Обещал царь Морозову назад в первую честь возвести. Сулил карету прислать свою с аргамаками царскими. Обещал бояр прислать, чтоб на своих головах страдалицу понесли... Дай, просил только, приличие людей ради, что недаром тебя взял. Не крестись тремя перстами, но точию руку показав, сложи те три персты вместе! Послушай, мати праведная, Федосья Прокопьевна, аз сам царь кланяюся головою своей, сотвори сие!
— Езживала я и в каптанах, и в каретах... — отвечала Морозова. — На аргамаках и бахматах. Чего меня головами боярскими прельщать? И так худо на плечах держатся. Вот слыхала я от князя Ивана, что уготован есть для меня сруб на болоте, что вёл ми добро и чинно дом тот устроен, и соломою снопами уставлен... Сие мне преславно.

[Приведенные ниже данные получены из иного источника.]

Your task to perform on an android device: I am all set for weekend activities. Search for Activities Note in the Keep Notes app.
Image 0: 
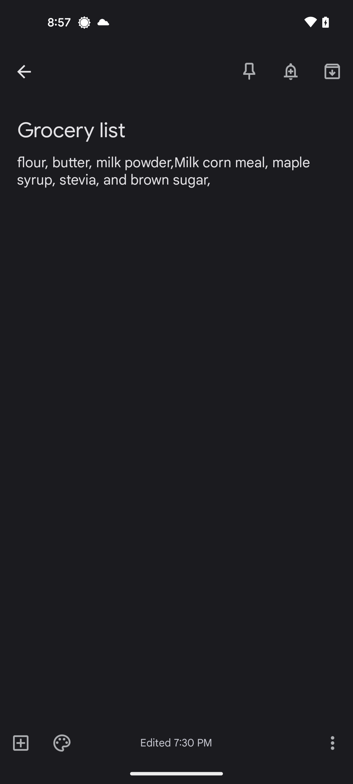
Get back to the previous page of the app
Step 0: press back button
Image 1: 
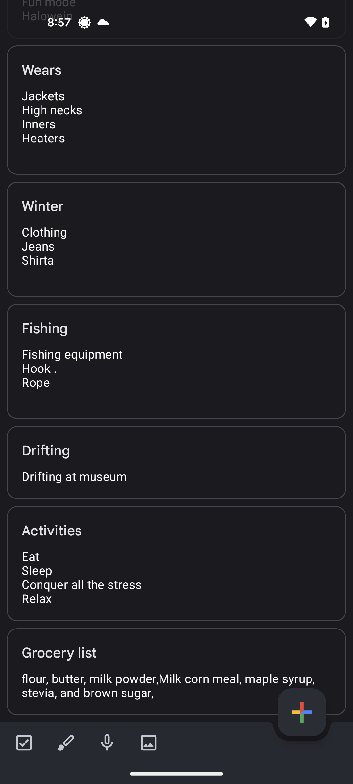
Scroll down for the search bar 
Step 1: scroll up
Image 2: 
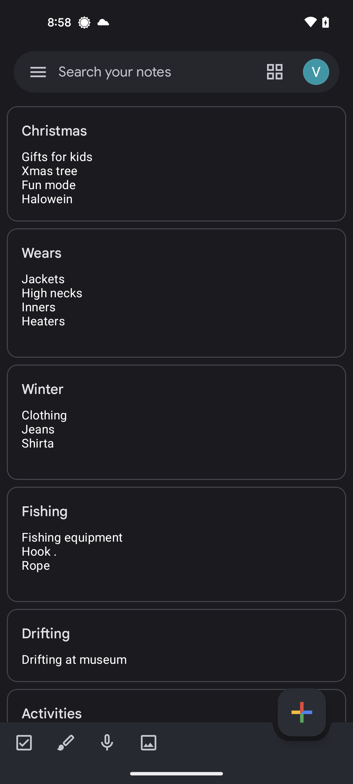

Желаю такого дара от царя получити!
Опять не удалось уговорить, опять решать надобно было — что делать?
Иоаким, уж поставленный из Чудовских архимандритов в Новгородские митрополиты, сжечь Морозову предлагал.
Иоаким всего пятнадцать лет только в духовном звании был, до этого он, Иван Савелов, по военной части двигался. Привык, если что — сразу жечь... И грамоте только в монастыре выучился... Не понимал многого. Великий государь предложение его отверг. Зачем сжигать? Указал отвезти сестёр в Боровской острог, посадить в земляную тюрьму и не давать ни еды, ни воды, пока креститься, как приказано вселенским патриархом Макарием, не будут.
Так и сделали...
«...Звезда утренняя, зело рано возсиявшая! Увы, увы, чада моя прелюбезная! Увы, други моя, сердечная! Кто подобен вам на сем свете, разве в будущем святые ангелы! Увы, светы мои, кому уподоблю вас?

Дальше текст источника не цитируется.